Moubarack Lô dénonce un gaspillage de 2,5 milliards au profit d'un cabinet étranger
«Le temps étant précieux», l'ex-Dircab adjoint du président de la République s'en est allé cultiver d'autres champs. Fustigeant au passage le gaspillage d'une somme de 2,5 milliards de francs Cfa tombée dans les caisses d'un cabinet international recruté pour le Projet Sénégal Émergent, Moubarack Lô a aussi dénoncé la mainmise d'un groupe appelé Disso établi à l'extérieur sur le Projet, au détriment des experts et fonctionnaires de l'Etat mis sur la touche.
Trois jours après la réplique du président de la République face aux démissions réelles ou envisagées de certains de ses collaborateurs, l'un des mis en cause sort du bois pour, à son tour, apporter des clarifications liées aux circonstances de son départ du poste de directeur de Cabinet adjoint du chef de l'Etat. Pour Moubarack Lô, «l'obligation de réserve ne peut plus prévaloir» lorsque son «honneur est en jeu», comme c'est le cas avec les propos de Macky Sall.
Dans un communiqué intitulé «La vérité sur le projet Sénégal émergent et sur les causes de ma démission», et parvenu hier à notre rédaction, il exerce donc «un droit de réponse» qui recense trois causes à l'origine de sa démission. Dans un premier temps, Moubarack Lô confirme ainsi que «la cause immédiate» à l'origine de son départ du Palais de la République, «c'est la décision de M. Macky Sall de (lui) retirer la Présidence du Comité de projet Sénégal émergent».
En lien avec cette cause dite immédiate, l'économiste en pointe une autre, «sous-jacente» qu'il explique en ces termes : «C'est le choix présidentiel d'accepter qu'un groupe de Sénégalais établis à l'extérieur, et regroupés dans une structure dénommée «Disso» dont l'ancien ministre de l'Economie et des Finances, M. Amadou Kane, était membre, avant mars 2012, joue un rôle prépondérant dans le projet Sénégal émergent, au détriment des hauts cadres de l'Etat.»
«Groupe Disso»
Le dernier grief de M. Lô à l'égard de Macky Sall, «la cause profonde», dénonce «le style de management présidentiel, qui n'est pas très motivant pour un intellectuel, et la lenteur dans la mise en œuvre des réformes promises aux Sénégalais».
Parlant de «la cause immédiate», Moubarack Lô détaille le processus de création du Comité de Projet Sénégal émergent, issu du décret n°2013-313 du 6 mars 2013. L'article 4 dudit décret «indique que le Comité de Projet peut s'attacher les services de consultants et de personnels de haut niveau. Ensemble, ces derniers constituent l'équipe projet», écrit-il dans sa réponse au Chef de l'Etat.

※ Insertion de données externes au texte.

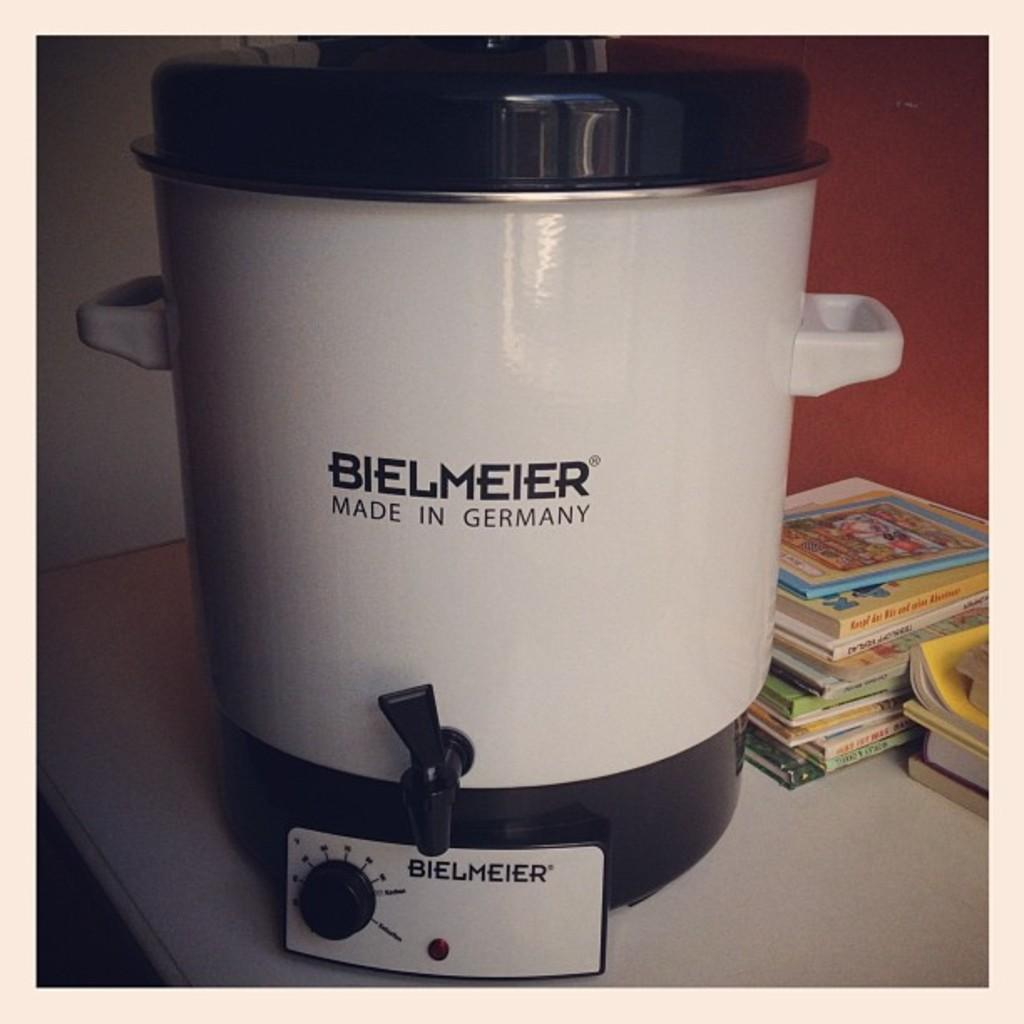<image>
Offer a succinct explanation of the picture presented. A white Bielmeier pressure cooker made in Germany. 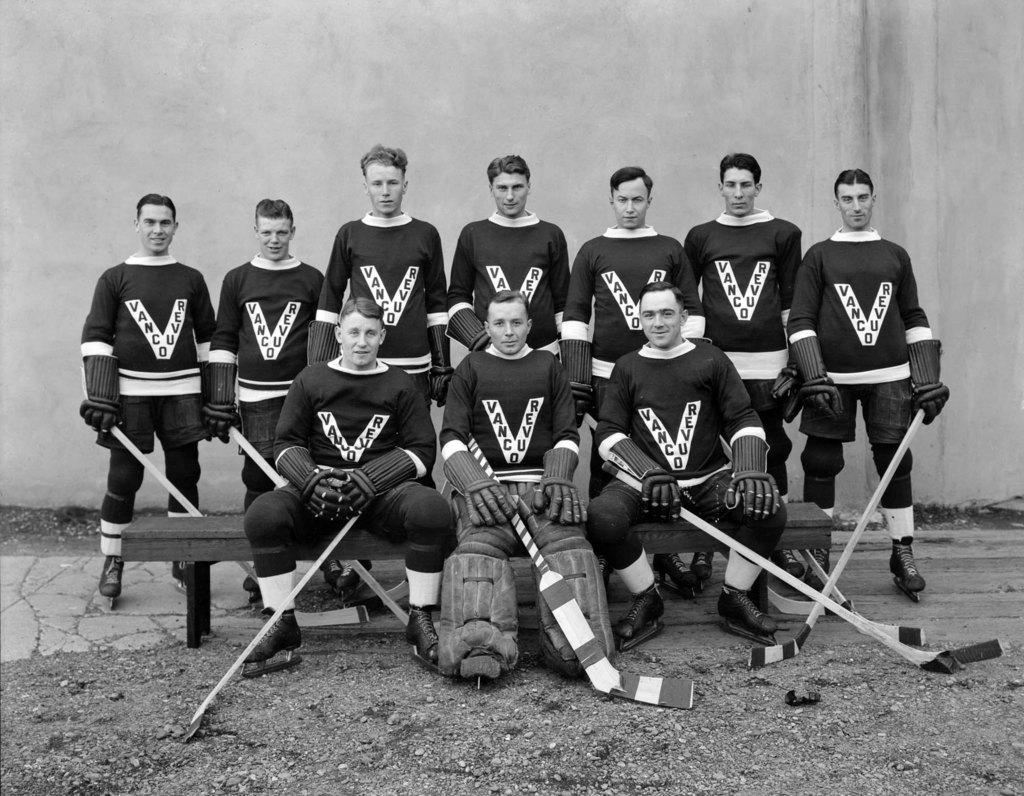<image>
Summarize the visual content of the image. Ten players for the ice hockey team Vancouver in black and white photo shoot. 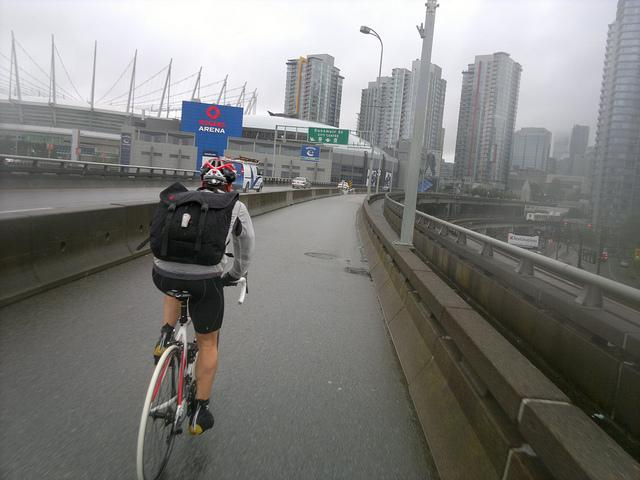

Cependant, «nulle part il n'est fait mention du groupe Disso dans le fonctionnement du Comité de Projet, et l'implication de ses membres basés à l'étranger au niveau opérationnel ne peut donc être comprise que dans le cadre de l'équipe de projet supervisée par le Comité de projet que je présidais», ajoute-t-il, en prenant à témoin Mor Ngom, ex-directeur de Cabinet du président de la République. Pour M. Lô, «c'est impossible de vouloir piloter un dossier aussi lourd et complexe de l'extérieur du pays, tout en continuant à exercer d'autres activités».
L'implication du «groupe Disso» est alors mise en parallèle avec la mise à l'écart des «structures et experts de l'Etat» dont «la parfaite connaissance des problèmes économiques et sociaux du Sénégal» est sans commune mesure avec celle d'un «quelconque membre de Disso».
«Sur le chemin de l'échec»
Au demeurant, Moubarack Lô dénonce le gaspillage d'une somme d'environ 2,5 milliards de francs Cfa dans ce projet, alors qu'elle aurait pu «permettre à 100 000 femmes d'accoucher, en toute sécurité et de manière gratuite, dans les postes de santé ruraux ou péri-urbains», «de construire 25 forages ruraux, d'électrifier 100 villages, de bâtir 500 classes ou 2 500 km de pistes rurales».
«En définitive, poursuit-il, la décision prise, en début octobre, par le chef de l'Etat, de me retirer du Projet Sénégal émergent n'a été, en vérité, que la goutte d'eau qui a fait déborder le vase d'une longue série de désaccords, très souvent implicites, sur des choix stratégiques ou tactiques.» Selon l'économiste, «l'analyse (lui a) montré que la voie suivie actuellement par (le président Macky Sall) nous mènera difficilement au but désiré».